Judith Hetherington-Smith – Chief information officer – declared that only a small number of files were actually affected, raising hopes for a prompt solution to the situation. The security measures taken included, firstly, the identification of the malware and the consequent shutting down of all the computer systems affected.
This decision caused disruptions to other services provided by the Council, such as libraries and online booking systems. For four consecutive days people had to go back in time – more than twenty years or so – and use pens and paper.
According to the CIO, the attack happened quickly. The reaction from the authorities was nevertheless prompt and punctual, yet some damages were still inflicted before it was finally possible to shut the whole of the network down. Some files had in fact been locked by the software and IT technicians were looking into restoring them from the back-up.

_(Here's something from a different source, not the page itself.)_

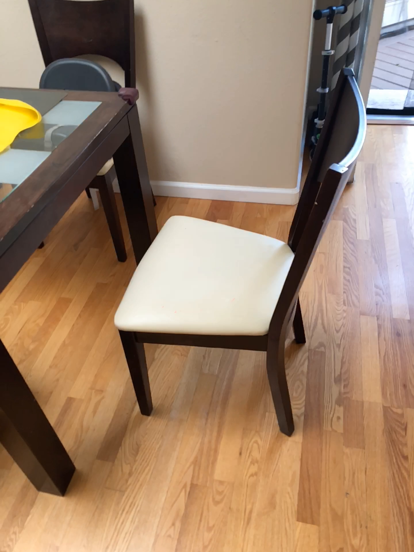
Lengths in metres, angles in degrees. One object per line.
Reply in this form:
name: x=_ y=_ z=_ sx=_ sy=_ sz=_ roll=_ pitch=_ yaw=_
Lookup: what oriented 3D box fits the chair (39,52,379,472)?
chair: x=0.079 y=-0.011 z=1.285 sx=0.590 sy=0.994 sz=0.563 roll=8 pitch=43 yaw=14

Lincolnshire County Council has expressed its hope that everything would go back to normal within this week: systems will resume where they left off. Possibly.
The ransomware has already been labelled as “the biggest attack” the English Council had ever experienced; moreover, it was not only a first impact-wise but it was also a “zero-day malware”, a definition that applies to all those kinds of malware that were previously unknown to security experts.
In any case, the authorities were happy with the security measure appropriately put in place and expressed its annoyance to the Council being the first unfortunate victim of this type of malware.
Lincolnshire Police has confirmed that the attack was under investigation in order to get more useful insight and info about it.
The Information Commissioner’s Office – responsible for putting into practice the Data Protection Act 1998, confirmed its awareness about the incident.